■ Assignment
Find the lines in the records that carry the word "present". Copy each one.

■ Given records
<<<<

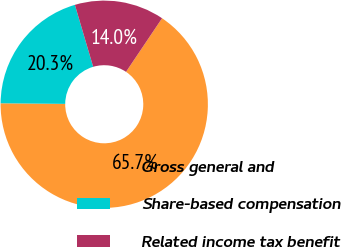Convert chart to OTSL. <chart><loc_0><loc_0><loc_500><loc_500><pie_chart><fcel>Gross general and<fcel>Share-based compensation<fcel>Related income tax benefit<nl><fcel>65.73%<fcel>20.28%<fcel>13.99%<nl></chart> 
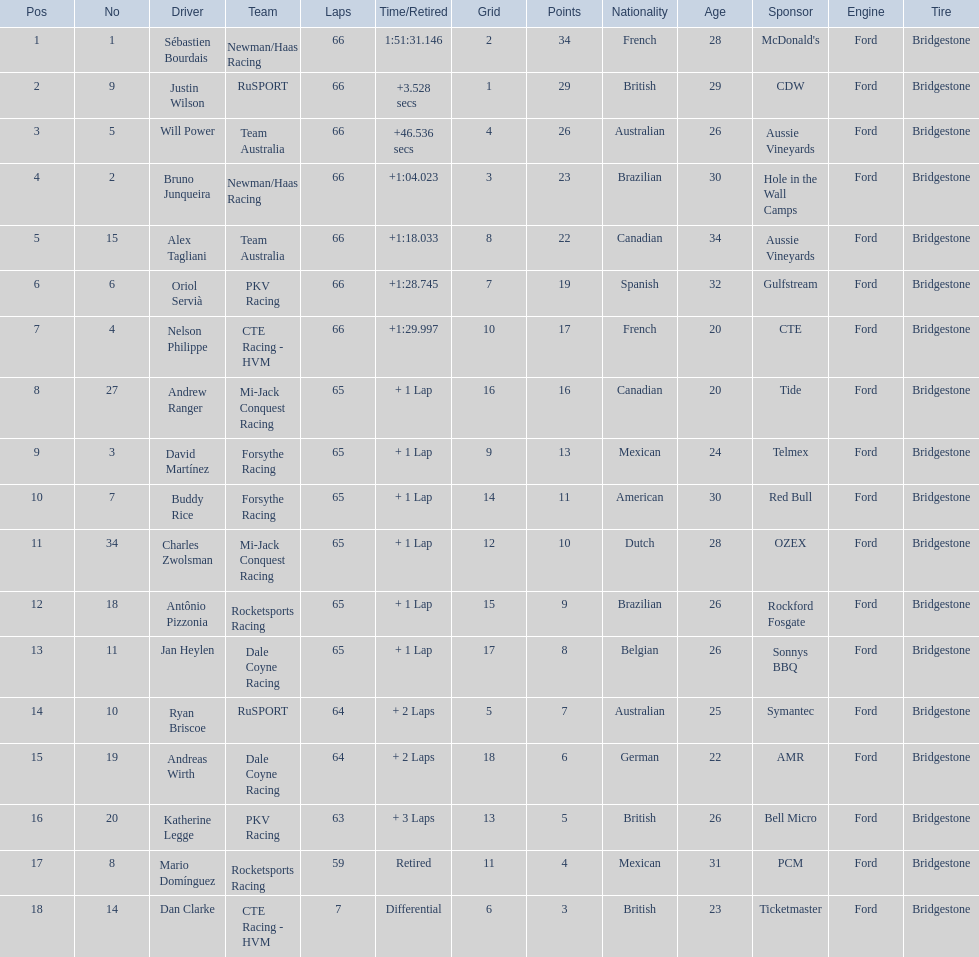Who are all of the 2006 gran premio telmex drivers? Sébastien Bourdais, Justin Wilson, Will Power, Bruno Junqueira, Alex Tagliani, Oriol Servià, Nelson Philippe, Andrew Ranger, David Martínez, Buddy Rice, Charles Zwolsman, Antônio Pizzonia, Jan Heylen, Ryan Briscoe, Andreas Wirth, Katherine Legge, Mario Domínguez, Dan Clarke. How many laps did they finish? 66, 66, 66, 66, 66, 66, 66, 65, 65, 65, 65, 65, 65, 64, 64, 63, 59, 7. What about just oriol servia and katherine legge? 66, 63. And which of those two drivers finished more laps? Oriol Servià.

>>>>
<<<<

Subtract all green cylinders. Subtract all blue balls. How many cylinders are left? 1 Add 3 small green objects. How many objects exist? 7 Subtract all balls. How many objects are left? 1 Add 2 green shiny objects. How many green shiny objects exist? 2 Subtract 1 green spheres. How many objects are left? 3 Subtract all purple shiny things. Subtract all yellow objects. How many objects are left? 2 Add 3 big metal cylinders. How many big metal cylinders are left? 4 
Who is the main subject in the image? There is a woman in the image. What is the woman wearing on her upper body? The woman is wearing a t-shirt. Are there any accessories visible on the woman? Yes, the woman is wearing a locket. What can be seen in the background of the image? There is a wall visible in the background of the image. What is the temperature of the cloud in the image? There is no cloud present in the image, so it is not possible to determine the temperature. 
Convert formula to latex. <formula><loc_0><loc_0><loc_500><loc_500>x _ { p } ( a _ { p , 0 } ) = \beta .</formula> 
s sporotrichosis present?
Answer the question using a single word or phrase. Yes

>>>>

■ Output of the exercise
Who is the main subject in the image? There is a woman in the image. What is the woman wearing on her upper body? The woman is wearing a t-shirt. Are there any accessories visible on the woman? Yes, the woman is wearing a locket. What can be seen in the background of the image? There is a wall visible in the background of the image. What is the temperature of the cloud in the image? There is no cloud present in the image, so it is not possible to determine the temperature. 
s sporotrichosis present?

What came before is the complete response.